Paper detail

Approximation-Free Differentiable Oblique Decision Trees

Decision Trees (DTs) are widely used in safety-critical domains such as medical diagnosis, valued for their interpretability and effectiveness on tabular data. However, training accurate oblique DTs is challenging due to complex optimization landscapes and overfitting risks, particularly in regression. Recent advances have introduced differentiable formulations that enable gradient-based training and joint optimization of decision boundaries and leaf regressors. Yet, existing approaches typically rely on approximations, either through probabilistic softening of boundaries (soft DTs) or quantized gradients such as the Straight-Through Estimator (STE). To overcome these limitations, we propose DTSemNet, a novel, semantically equivalent, and invertible representation of hard oblique DTs as neural networks. DTSemNet enables end-to-end training with standard gradient descent, eliminating the need for approximations in both classification and regression.
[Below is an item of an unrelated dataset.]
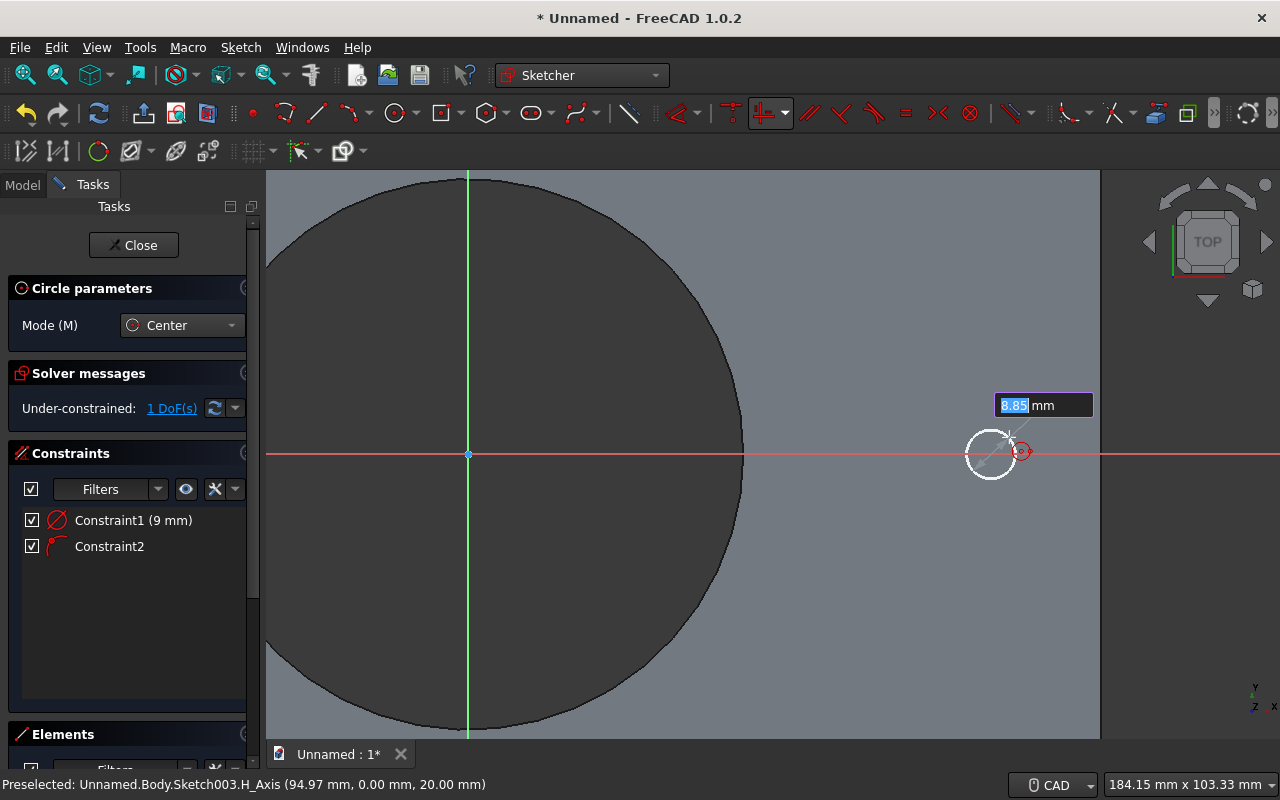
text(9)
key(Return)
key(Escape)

While classification aligns naturally with this formulation, regression remains challenging due to the joint optimization of internal nodes and leaf regressors. To address this, we analyze the limitations of STE and introduce an annealed Top-k method that provides accurate gradient signals without approximation. Extensive experiments on classification and regression benchmarks show that DTSemNet-trained oblique DTs outperform state-of-the-art differentiable DTs. Furthermore, we demonstrate that DTSemNet can serve as programmatic DT policies in reinforcement learning environments, thereby broadening their applicability.